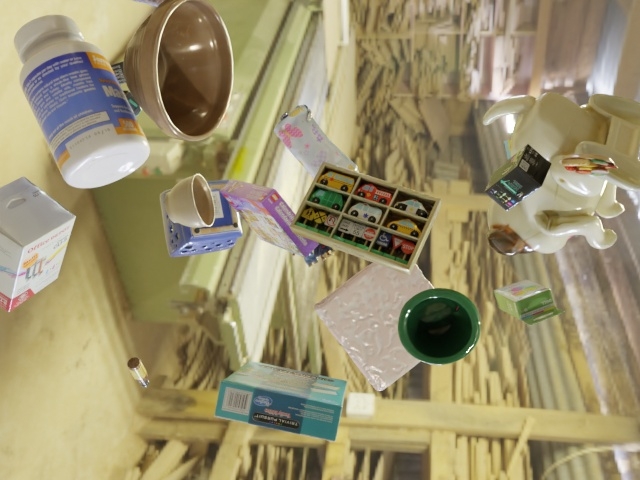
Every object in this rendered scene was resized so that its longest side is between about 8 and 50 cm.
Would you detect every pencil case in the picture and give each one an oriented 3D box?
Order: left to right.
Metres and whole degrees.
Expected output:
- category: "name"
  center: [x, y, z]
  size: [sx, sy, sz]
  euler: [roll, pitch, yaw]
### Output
- category: "pencil case"
  center: [-0.012, -0.263, 2.051]
  size: [0.273, 0.124, 0.113]
  euler: [50, 6, -3]

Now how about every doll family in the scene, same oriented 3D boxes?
- category: "doll family"
  center: [0.000, 0.000, 2.227]
  size: [0.111, 0.193, 0.076]
  euler: [60, -20, -8]

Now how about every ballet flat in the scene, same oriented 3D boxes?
- category: "ballet flat"
  center: [-0.514, -0.336, 1.656]
  size: [0.074, 0.203, 0.074]
  euler: [-42, 138, -53]

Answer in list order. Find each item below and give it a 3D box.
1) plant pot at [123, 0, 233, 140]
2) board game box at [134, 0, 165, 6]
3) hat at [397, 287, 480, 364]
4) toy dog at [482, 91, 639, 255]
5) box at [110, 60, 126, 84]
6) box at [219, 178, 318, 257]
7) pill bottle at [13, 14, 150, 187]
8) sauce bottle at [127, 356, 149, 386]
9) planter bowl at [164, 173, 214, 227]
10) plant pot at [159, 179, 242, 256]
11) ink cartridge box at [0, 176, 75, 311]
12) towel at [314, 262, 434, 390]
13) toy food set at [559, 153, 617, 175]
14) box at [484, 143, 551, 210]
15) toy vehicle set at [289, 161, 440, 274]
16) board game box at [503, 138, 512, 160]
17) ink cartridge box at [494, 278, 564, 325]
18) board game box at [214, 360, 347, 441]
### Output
- category: "plant pot"
  center: [-0.252, -0.290, 1.192]
  size: [0.237, 0.110, 0.237]
  euler: [8, 90, -67]
- category: "board game box"
  center: [-0.407, -0.557, 1.351]
  size: [0.232, 0.291, 0.141]
  euler: [-13, 125, -60]
- category: "hat"
  center: [0.258, 0.161, 1.553]
  size: [0.183, 0.173, 0.208]
  euler: [-76, 161, -67]
- category: "toy dog"
  center: [0.533, -0.119, 1.651]
  size: [0.407, 0.396, 0.284]
  euler: [104, 3, -50]
- category: "box"
  center: [-0.492, -0.503, 2.015]
  size: [0.216, 0.270, 0.060]
  euler: [-142, -147, -68]
- category: "box"
  center: [-0.144, -0.065, 1.919]
  size: [0.201, 0.057, 0.293]
  euler: [51, -16, -27]
- category: "pill bottle"
  center: [-0.412, -0.239, 1.194]
  size: [0.271, 0.152, 0.152]
  euler: [63, 3, 9]
- category: "sauce bottle"
  center: [-0.532, 0.390, 2.067]
  size: [0.128, 0.042, 0.042]
  euler: [85, 10, -48]
- category: "planter bowl"
  center: [-0.401, -0.109, 2.129]
  size: [0.162, 0.109, 0.161]
  euler: [-13, 90, -78]
- category: "plant pot"
  center: [-0.397, -0.085, 2.393]
  size: [0.212, 0.236, 0.235]
  euler: [-25, -105, 62]
- category: "ink cartridge box"
  center: [-0.536, 0.005, 1.239]
  size: [0.128, 0.127, 0.176]
  euler: [-47, 171, -51]
- category: "towel"
  center: [0.195, 0.222, 2.034]
  size: [0.331, 0.317, 0.053]
  euler: [53, -4, -15]
- category: "toy food set"
  center: [0.411, -0.117, 1.086]
  size: [0.083, 0.083, 0.020]
  euler: [26, 71, -79]
- category: "box"
  center: [0.309, -0.098, 1.105]
  size: [0.062, 0.052, 0.083]
  euler: [-55, -174, -37]
- category: "toy vehicle set"
  center: [0.092, -0.049, 1.448]
  size: [0.165, 0.267, 0.035]
  euler: [-65, 162, -18]
- category: "board game box"
  center: [0.666, -0.216, 2.166]
  size: [0.275, 0.142, 0.144]
  euler: [29, 49, -64]
- category: "ink cartridge box"
  center: [0.589, 0.172, 2.003]
  size: [0.209, 0.109, 0.062]
  euler: [-139, -150, -78]
- category: "board game box"
  center: [-0.075, 0.354, 1.589]
  size: [0.336, 0.254, 0.079]
  euler: [35, 66, -85]
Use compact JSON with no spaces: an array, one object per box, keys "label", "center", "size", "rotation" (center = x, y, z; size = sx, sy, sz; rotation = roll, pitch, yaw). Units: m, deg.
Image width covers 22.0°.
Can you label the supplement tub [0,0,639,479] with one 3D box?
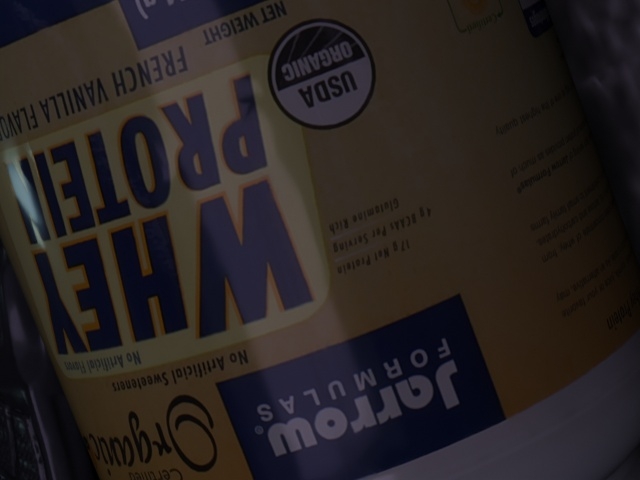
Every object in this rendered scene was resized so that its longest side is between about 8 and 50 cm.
[{"label":"supplement tub","center":[0.000,0.000,0.644],"size":[0.228,0.228,0.316],"rotation":[-18,98,22]}]

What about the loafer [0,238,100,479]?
[{"label":"loafer","center":[-0.125,0.003,0.774],"size":[0.109,0.095,0.302],"rotation":[3,103,49]}]
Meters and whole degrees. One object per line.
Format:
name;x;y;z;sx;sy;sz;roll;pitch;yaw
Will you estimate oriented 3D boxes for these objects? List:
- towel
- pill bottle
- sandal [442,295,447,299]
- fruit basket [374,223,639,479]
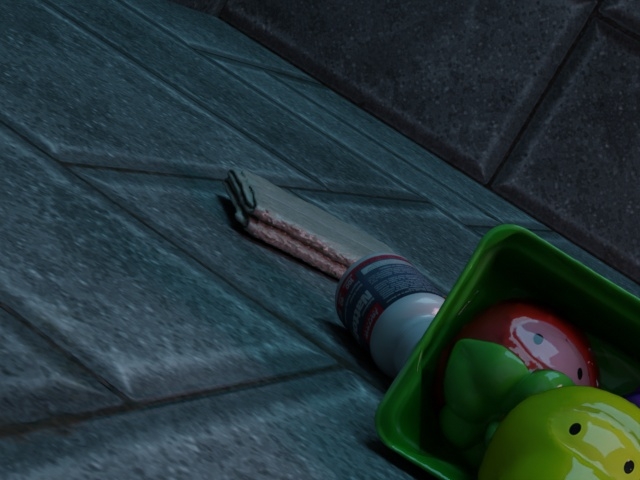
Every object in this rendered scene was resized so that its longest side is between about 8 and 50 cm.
towel;0.000;0.000;2.006;0.282;0.049;0.187;28;13;-19
pill bottle;0.094;0.095;1.665;0.108;0.108;0.180;24;12;-29
sandal;0.157;0.111;1.839;0.102;0.076;0.265;6;2;-3
fruit basket;0.245;0.182;1.354;0.392;0.283;0.392;32;-7;4
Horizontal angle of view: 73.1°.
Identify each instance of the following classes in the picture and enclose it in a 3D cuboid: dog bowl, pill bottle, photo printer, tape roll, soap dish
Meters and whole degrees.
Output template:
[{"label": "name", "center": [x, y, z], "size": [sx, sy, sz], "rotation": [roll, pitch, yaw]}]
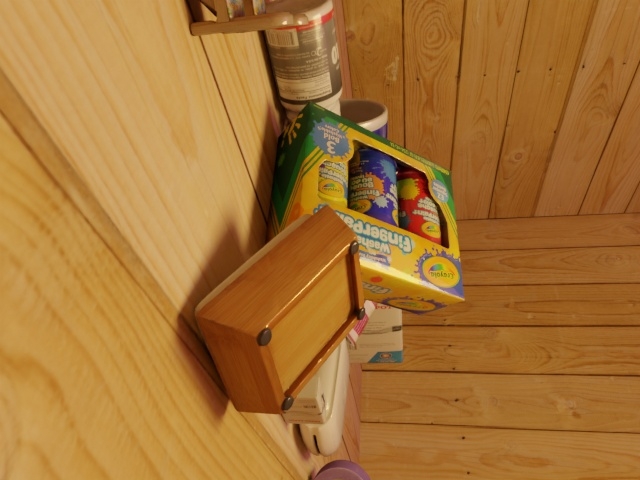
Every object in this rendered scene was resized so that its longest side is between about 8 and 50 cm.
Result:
[{"label": "dog bowl", "center": [0.058, -0.318, 1.230], "size": [0.265, 0.265, 0.104], "rotation": [-77, 164, -56]}, {"label": "pill bottle", "center": [-0.034, -0.410, 1.025], "size": [0.283, 0.161, 0.161], "rotation": [78, 14, -44]}, {"label": "photo printer", "center": [0.015, 0.447, 1.247], "size": [0.256, 0.107, 0.307], "rotation": [81, 16, -47]}, {"label": "tape roll", "center": [0.060, 0.747, 1.251], "size": [0.080, 0.189, 0.188], "rotation": [43, 46, -75]}, {"label": "soap dish", "center": [-0.042, 0.112, 0.691], "size": [0.291, 0.118, 0.228], "rotation": [-42, 138, -36]}]

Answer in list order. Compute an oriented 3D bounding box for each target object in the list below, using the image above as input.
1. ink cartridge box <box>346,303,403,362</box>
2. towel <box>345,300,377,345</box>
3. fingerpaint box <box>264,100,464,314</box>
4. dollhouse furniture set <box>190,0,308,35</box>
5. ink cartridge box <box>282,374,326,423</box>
[{"label": "ink cartridge box", "center": [0.166, 0.293, 1.657], "size": [0.166, 0.286, 0.394], "rotation": [-83, 167, -49]}, {"label": "towel", "center": [0.108, 0.137, 1.381], "size": [0.237, 0.037, 0.329], "rotation": [55, 46, -19]}, {"label": "fingerpaint box", "center": [0.114, -0.060, 1.015], "size": [0.163, 0.445, 0.370], "rotation": [-35, -137, 50]}, {"label": "dollhouse furniture set", "center": [-0.052, -0.536, 0.676], "size": [0.394, 0.257, 0.362], "rotation": [-72, 158, -63]}, {"label": "ink cartridge box", "center": [-0.044, 0.368, 0.997], "size": [0.056, 0.099, 0.135], "rotation": [-83, 168, -45]}]
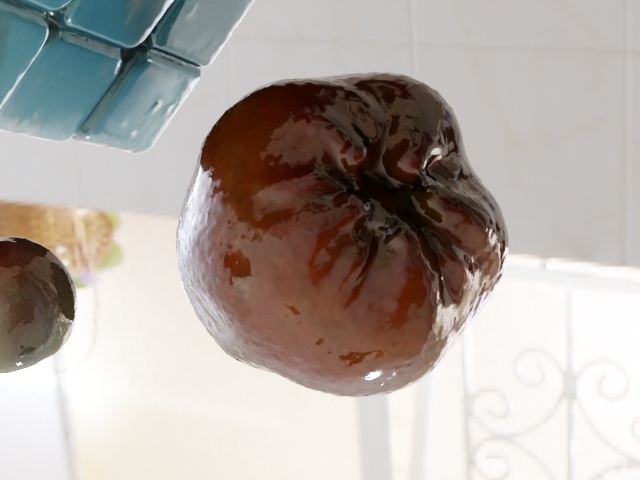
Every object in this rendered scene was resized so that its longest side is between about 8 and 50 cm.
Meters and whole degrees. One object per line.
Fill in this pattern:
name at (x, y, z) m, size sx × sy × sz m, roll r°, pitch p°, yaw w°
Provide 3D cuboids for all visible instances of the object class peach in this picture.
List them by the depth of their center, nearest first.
peach at (-0.184, 0.037, 0.832) m, size 0.083 × 0.083 × 0.083 m, roll -4°, pitch -159°, yaw 2°

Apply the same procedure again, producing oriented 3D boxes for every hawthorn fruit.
hawthorn fruit at (0.000, 0.000, 0.980) m, size 0.224 × 0.224 × 0.261 m, roll -16°, pitch 175°, yaw -29°

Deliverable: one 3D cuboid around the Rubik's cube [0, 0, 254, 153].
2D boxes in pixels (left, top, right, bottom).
Rubik's cube at (-0.202, -0.279, 0.908) m, size 0.319 × 0.322 × 0.316 m, roll 40°, pitch -171°, yaw 17°
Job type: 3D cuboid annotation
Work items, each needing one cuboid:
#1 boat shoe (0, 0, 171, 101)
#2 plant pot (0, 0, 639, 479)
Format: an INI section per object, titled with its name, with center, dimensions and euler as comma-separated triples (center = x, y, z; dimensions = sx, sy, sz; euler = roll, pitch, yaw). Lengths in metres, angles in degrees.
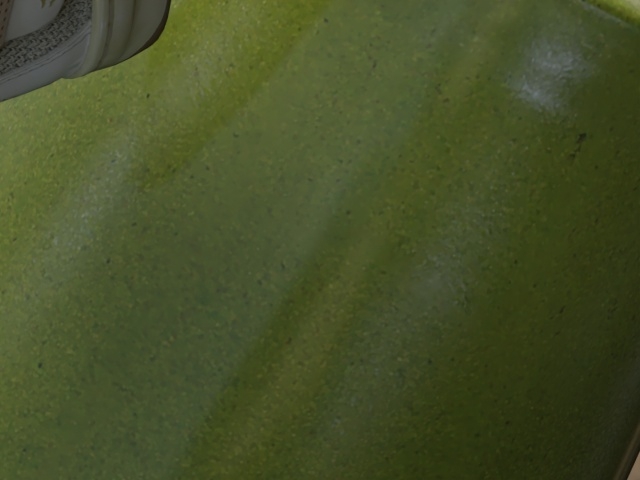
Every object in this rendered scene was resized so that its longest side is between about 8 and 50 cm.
[boat shoe]
center = -0.104, -0.154, 0.522
dimensions = 0.109, 0.098, 0.302
euler = 39, 146, 31
[plant pot]
center = 0.000, 0.000, 0.792
dimensions = 0.353, 0.367, 0.366
euler = -58, 23, 23
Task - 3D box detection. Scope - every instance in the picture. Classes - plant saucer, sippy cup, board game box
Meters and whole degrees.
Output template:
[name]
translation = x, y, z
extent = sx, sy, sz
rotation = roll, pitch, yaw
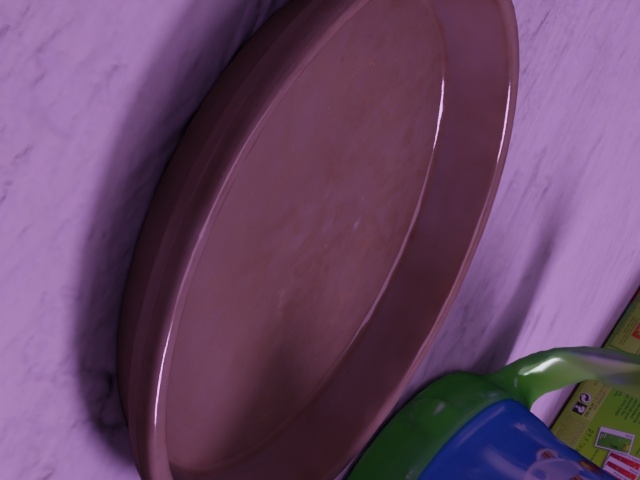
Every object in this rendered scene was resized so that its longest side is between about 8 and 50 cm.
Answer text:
[plant saucer]
translation = 0.000, 0.000, 0.817
extent = 0.278, 0.041, 0.278
rotation = -44, 148, -37
[sippy cup]
translation = 0.127, 0.223, 1.060
extent = 0.240, 0.224, 0.306
rotation = -10, 123, -60
[board game box]
translation = 0.223, 0.122, 1.309
extent = 0.181, 0.092, 0.043
rotation = -54, 155, -22
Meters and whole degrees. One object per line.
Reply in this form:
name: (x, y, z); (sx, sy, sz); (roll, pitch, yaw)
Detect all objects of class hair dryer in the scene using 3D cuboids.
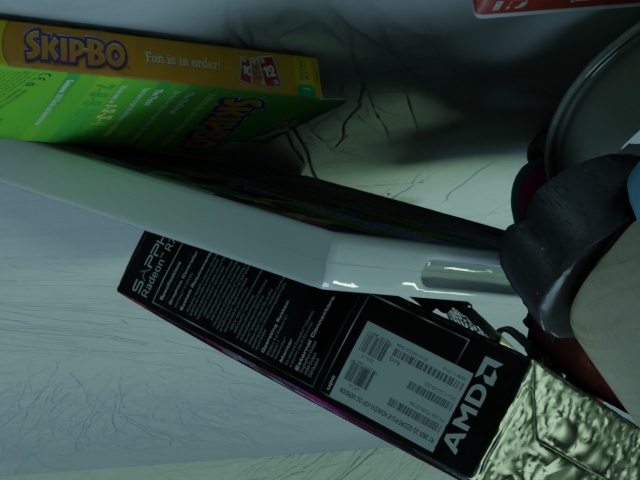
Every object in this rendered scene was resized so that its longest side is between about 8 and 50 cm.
hair dryer: (0.205, 0.080, 1.395); (0.293, 0.080, 0.223); (25, 171, 43)

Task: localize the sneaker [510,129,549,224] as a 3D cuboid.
sneaker: (0.236, -0.018, 1.456); (0.178, 0.124, 0.295); (-16, 157, 16)

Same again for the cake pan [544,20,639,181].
cake pan: (0.291, -0.057, 1.246); (0.293, 0.054, 0.293); (-6, 144, -4)

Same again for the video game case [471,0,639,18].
video game case: (0.201, -0.178, 0.981); (0.204, 0.025, 0.285); (-5, 167, -9)

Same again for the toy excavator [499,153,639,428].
toy excavator: (0.393, -0.035, 1.084); (0.433, 0.222, 0.445); (10, 128, -41)

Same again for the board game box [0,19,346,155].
board game box: (-0.120, -0.087, 1.174); (0.259, 0.039, 0.124); (6, 162, -36)

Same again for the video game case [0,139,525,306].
video game case: (-0.006, -0.011, 1.257); (0.300, 0.036, 0.329); (7, -172, -46)

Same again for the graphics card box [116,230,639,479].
graphics card box: (0.054, 0.095, 1.394); (0.371, 0.094, 0.233); (23, 173, 42)
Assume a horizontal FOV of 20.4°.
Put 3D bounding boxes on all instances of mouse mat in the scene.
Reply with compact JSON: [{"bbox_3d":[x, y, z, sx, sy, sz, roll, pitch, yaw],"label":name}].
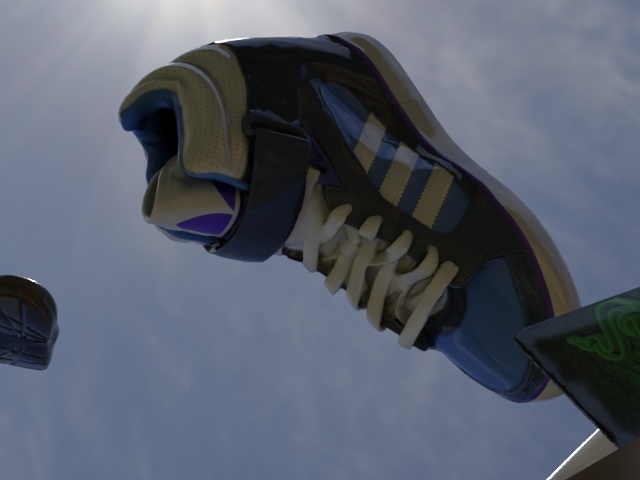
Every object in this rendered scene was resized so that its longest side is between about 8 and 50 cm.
[{"bbox_3d":[0.195,0.057,0.868,0.152,0.007,0.190,-19,-157,-10],"label":"mouse mat"}]

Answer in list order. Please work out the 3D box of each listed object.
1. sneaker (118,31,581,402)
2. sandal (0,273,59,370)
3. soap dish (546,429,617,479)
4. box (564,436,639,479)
[{"bbox_3d":[0.000,-0.001,1.169,0.323,0.236,0.130,56,-40,23],"label":"sneaker"},{"bbox_3d":[-0.260,0.060,1.491,0.219,0.090,0.060,124,-18,-66],"label":"sandal"},{"bbox_3d":[0.278,0.189,1.218,0.229,0.291,0.118,-8,-74,37],"label":"soap dish"},{"bbox_3d":[0.129,0.064,0.550,0.164,0.201,0.021,-27,-95,-12],"label":"box"}]
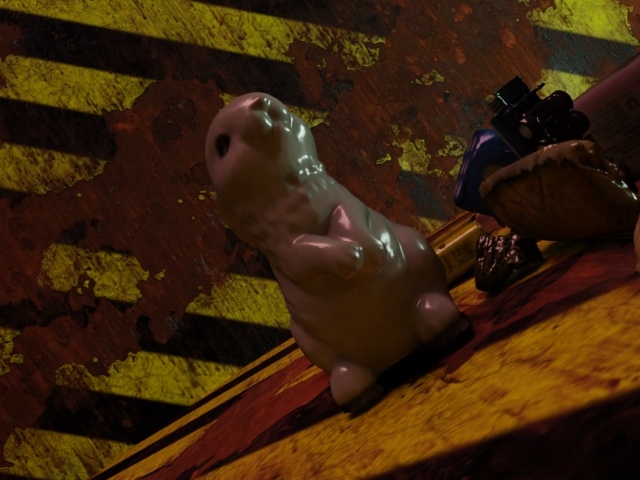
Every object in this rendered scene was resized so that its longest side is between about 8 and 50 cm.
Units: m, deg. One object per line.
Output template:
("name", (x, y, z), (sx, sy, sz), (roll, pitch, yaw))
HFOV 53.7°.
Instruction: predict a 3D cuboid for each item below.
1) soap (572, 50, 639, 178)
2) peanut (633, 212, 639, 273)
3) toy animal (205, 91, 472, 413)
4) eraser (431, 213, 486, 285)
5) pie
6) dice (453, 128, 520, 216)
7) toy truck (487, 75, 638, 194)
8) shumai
("soap", (0.467, -0.197, 0.837), (0.182, 0.138, 0.199), (-36, -1, -31))
("peanut", (0.271, -0.035, 0.397), (0.187, 0.082, 0.082), (-36, -2, -16))
("toy animal", (0.000, 0.000, 0.733), (0.193, 0.357, 0.258), (-37, -3, -5))
("eraser", (0.200, 0.047, 1.104), (0.226, 0.069, 0.158), (-36, -4, 11))
("pie", (0.259, -0.044, 0.698), (0.068, 0.128, 0.282), (-47, 2, -6))
("dice", (0.316, -0.109, 1.088), (0.146, 0.146, 0.143), (-34, -41, -82))
("toy truck", (0.285, -0.108, 0.774), (0.074, 0.202, 0.088), (-38, -4, -17))
("shumai", (0.233, 0.025, 0.779), (0.080, 0.082, 0.083), (4, 27, 20))
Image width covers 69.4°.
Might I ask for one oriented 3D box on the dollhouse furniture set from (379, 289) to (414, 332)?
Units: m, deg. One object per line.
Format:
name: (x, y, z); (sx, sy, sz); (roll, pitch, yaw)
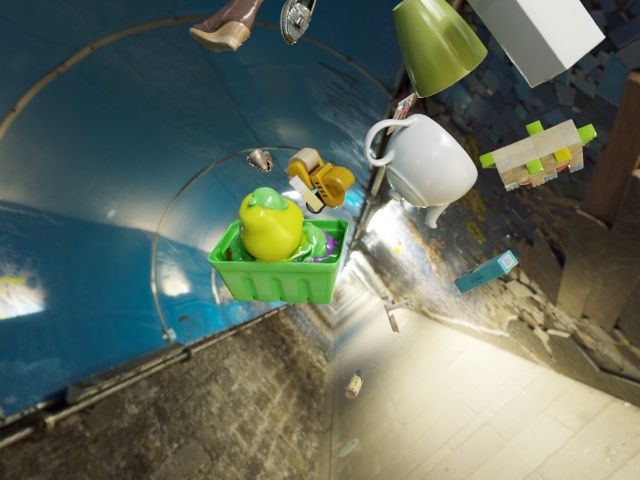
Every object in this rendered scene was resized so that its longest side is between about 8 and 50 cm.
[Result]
dollhouse furniture set: (0.230, 0.202, 1.335); (0.081, 0.091, 0.114); (-19, -46, 4)

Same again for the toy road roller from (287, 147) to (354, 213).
toy road roller: (0.017, -0.315, 2.290); (0.240, 0.330, 0.202); (-20, 19, 37)

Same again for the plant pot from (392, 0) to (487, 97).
plant pot: (0.379, -0.699, 1.589); (0.274, 0.294, 0.275); (-33, 22, 15)

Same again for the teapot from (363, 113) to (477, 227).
teapot: (0.243, -0.174, 1.146); (0.187, 0.256, 0.252); (-43, -11, 7)

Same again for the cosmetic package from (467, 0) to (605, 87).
cosmetic package: (0.605, -0.652, 1.337); (0.155, 0.366, 0.197); (-41, 7, -2)

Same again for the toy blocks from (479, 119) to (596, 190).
toy blocks: (0.841, -0.305, 1.785); (0.381, 0.191, 0.260); (-21, -25, 24)

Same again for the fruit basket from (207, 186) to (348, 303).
fruit basket: (-0.117, -0.010, 1.266); (0.392, 0.392, 0.283); (-43, 15, 29)

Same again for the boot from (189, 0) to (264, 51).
boot: (-0.291, -0.706, 1.461); (0.207, 0.248, 0.090); (-61, -35, -4)

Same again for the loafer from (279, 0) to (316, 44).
loafer: (-0.065, -0.792, 1.569); (0.084, 0.096, 0.268); (-6, 62, 42)

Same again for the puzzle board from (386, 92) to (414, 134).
puzzle board: (0.268, -0.419, 1.541); (0.096, 0.011, 0.128); (-41, -20, -36)

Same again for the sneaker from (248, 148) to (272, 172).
sneaker: (-0.190, -0.252, 1.525); (0.066, 0.071, 0.188); (-35, 1, 8)

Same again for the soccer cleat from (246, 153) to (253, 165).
soccer cleat: (-0.303, -0.355, 2.043); (0.036, 0.029, 0.083); (-60, -13, -8)

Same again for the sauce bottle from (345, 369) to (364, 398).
sauce bottle: (0.118, 0.482, 1.561); (0.042, 0.042, 0.128); (-42, 1, 25)

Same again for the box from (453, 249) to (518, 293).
box: (0.650, 0.126, 1.828); (0.100, 0.060, 0.244); (-29, -7, -37)

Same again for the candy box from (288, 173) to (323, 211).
candy box: (-0.071, -0.224, 2.158); (0.053, 0.187, 0.109); (-41, 14, 3)
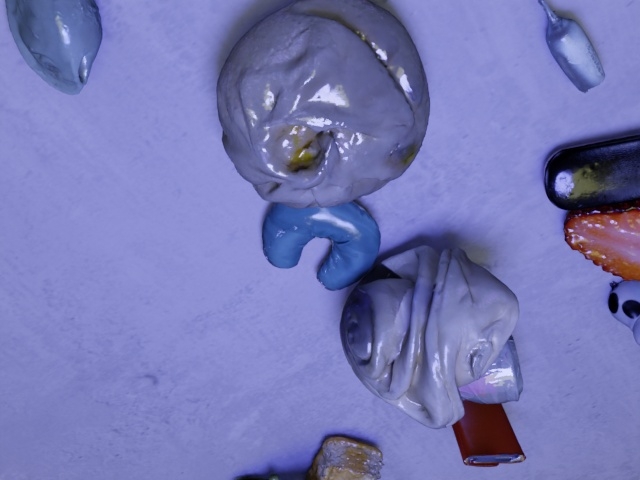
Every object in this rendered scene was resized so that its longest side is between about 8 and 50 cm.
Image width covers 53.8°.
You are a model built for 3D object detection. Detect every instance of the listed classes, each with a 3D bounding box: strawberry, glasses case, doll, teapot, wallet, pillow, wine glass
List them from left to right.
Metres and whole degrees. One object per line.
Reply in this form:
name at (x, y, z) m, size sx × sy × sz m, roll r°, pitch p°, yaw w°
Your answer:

------------

## [Task requirements]
Take the material above from its first line through the line holding "7) pill bottle at [13, 14, 150, 187]" and set it down exactly, without the pictures.

## [Response to this task]
Every object in this rendered scene was resized so that its longest side is between about 8 and 50 cm.
Would you detect every pencil case in the picture and give each one an oriented 3D box?
Order: left to right.
Metres and whole degrees.
Expected output:
- category: "name"
  center: [x, y, z]
  size: [sx, sy, sz]
  euler: [roll, pitch, yaw]
### Output
- category: "pencil case"
  center: [-0.012, -0.263, 2.051]
  size: [0.273, 0.124, 0.113]
  euler: [50, 6, -3]

Now how about every doll family in the scene, same oriented 3D boxes?
- category: "doll family"
  center: [0.000, 0.000, 2.227]
  size: [0.111, 0.193, 0.076]
  euler: [60, -20, -8]

Now how about every ballet flat in the scene, same oriented 3D boxes?
- category: "ballet flat"
  center: [-0.514, -0.336, 1.656]
  size: [0.074, 0.203, 0.074]
  euler: [-42, 138, -53]

Answer in list order. Find each item below and give it a 3D box.
1) plant pot at [123, 0, 233, 140]
2) board game box at [134, 0, 165, 6]
3) hat at [397, 287, 480, 364]
4) toy dog at [482, 91, 639, 255]
5) box at [110, 60, 126, 84]
6) box at [219, 178, 318, 257]
7) pill bottle at [13, 14, 150, 187]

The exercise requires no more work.